昭和17年3月1日。インドネシア沖海戦にて同日一三一〇(午後一時三〇分)。日本海軍駆逐艦「雷」は英国海軍重巡洋艦「エクゼター」に対し101発の連続猛射を仕掛ける。巨大な水柱が上がる。エクゼターは機関室、及び、缶室に被弾。「雷」の艦内放送では「沈みゆく敵艦に敬礼」の声が響く。エクゼターは艦尾から静かに沈んでいく。

その少し前、エクゼターの艦内では士官が兵士に告げていた(当事者の証言)。

「万が一のときは日本艦のほうに泳げ。必ず救助してくれる」

「雷」はそのまま、単艦で英国の駆逐艦「エンカウンター」や米国駆逐艦「ポープ」と一戦交えるはずだったが、続いて艦内に響いた命令は「海上ニ浮遊スル敵兵ヲ救助スベシ」だった。英国海軍士官だったグレム・アレン氏やピーター・アンソン氏は、救助のために迫ってくる「雷」のマルチ機銃が目に入った。「機銃掃射がくる・・・」と覚悟を決める。それが普通のことだった。しかし、甲板に上がった英国兵には機銃掃射の代わりにミルクと乾パンが振舞われた。「雷」は午後5時まで必死の救助活動を行い、捕虜としてパンジェルマシンに届けた。拷問でもされるのかと怯えていたら、そのままオランダの病院船に乗せてくれた。

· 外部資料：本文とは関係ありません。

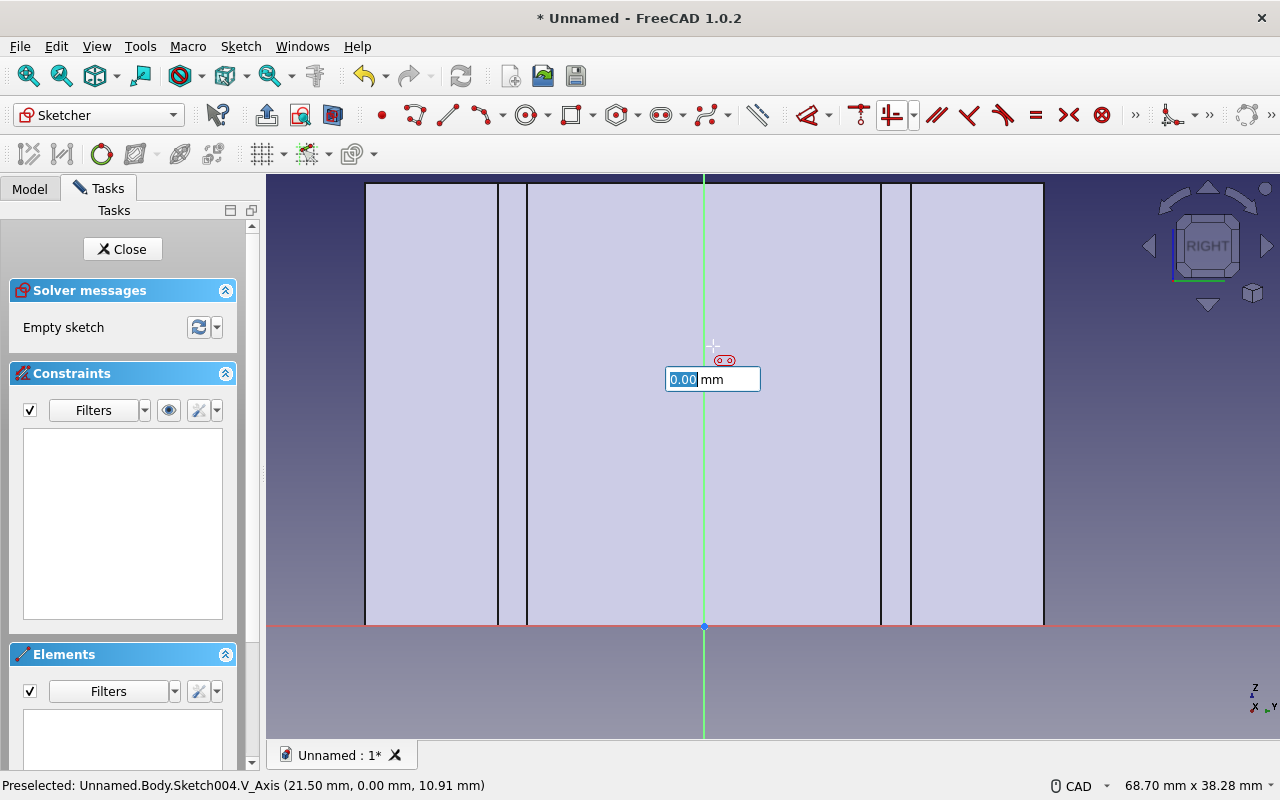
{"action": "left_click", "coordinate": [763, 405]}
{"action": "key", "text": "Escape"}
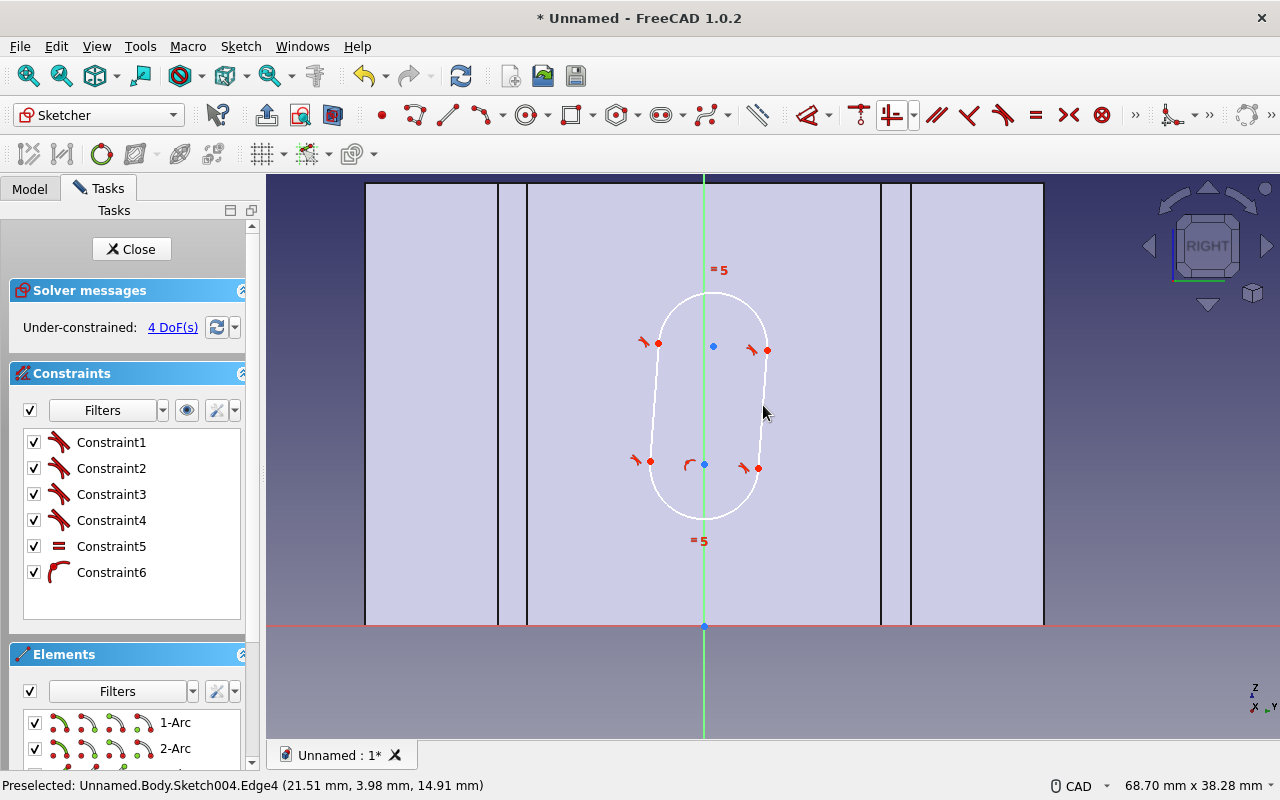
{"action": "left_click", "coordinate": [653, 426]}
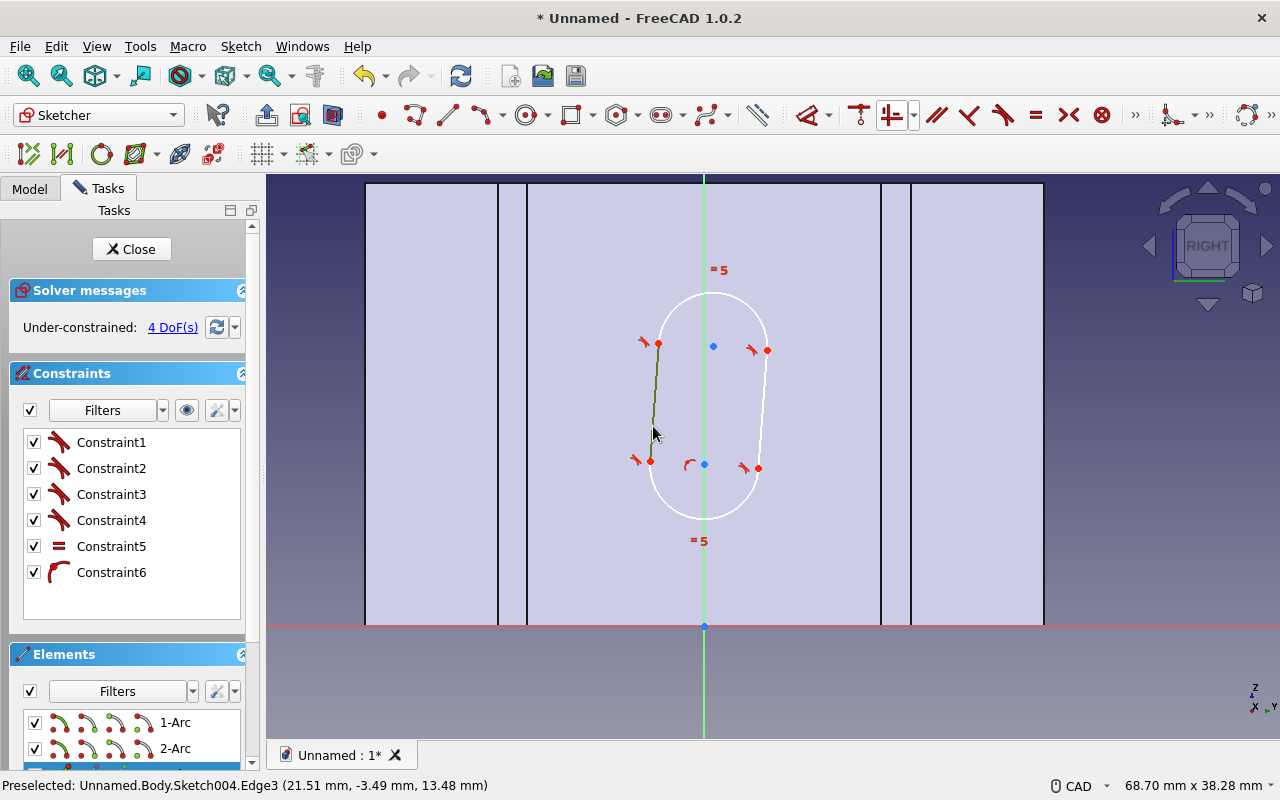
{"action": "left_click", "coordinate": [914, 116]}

同日の午後2時には「エンカウンター」も沈没していた。海に放り出されたのは戦後、日本にも来て「日英友好に役立ちたい」と言った元英国海軍士官サミュエル・フォール氏など400名以上の英国兵士だった(救助されたのは422名)。エクゼターのときは沈没後、すぐに救助されているから重油に塗れることもなかったが、このときは夜が明けてしまうわけだ。ほとんどの兵士は重油により目が見えなくなっていた。食料もなく飲料水もなく、浮船に数名単位で掴まりながら、海面から首だけ出して絶望していた。

連合艦隊の船は見えない。陸地からは150カイリ以上離れている。オランダの飛行艇が来るだろうと期待したが、そのころのオランダ軍は日本軍に蹴散らされてそれどころではなかった。フォール氏が死を覚悟し「これで祖父に会える」と思っていた同年3月2日午後2時頃、ビリントン島東南70キロの地点で反転する日本海軍の駆逐艦があった。「雷」だ。

「雷」はパンジェルマシン付近で行動する主力部隊に合流するため進路を変更していた。午前9時50分。反転してから112カイリほど航走した「雷」の左舷二番見張りの持つ「固定12センチ双眼望遠鏡」に「何か」が見える。二番見張りは「左三〇度、距離八〇〇〇、浮遊物発見」を報告する。工藤艦長は味方艦船が敵潜水艦に撃沈された直後かと察し、艦内に「総員戦闘用意」を令する。続いて二番見張りが「浮遊物は漂流中の敵兵らしき」と報告、更に続いて四番見張りが「漂流者四〇〇以上」を報告、工藤艦長は「潜望鏡を確認せよ」と見張りと探信員に再確認させる。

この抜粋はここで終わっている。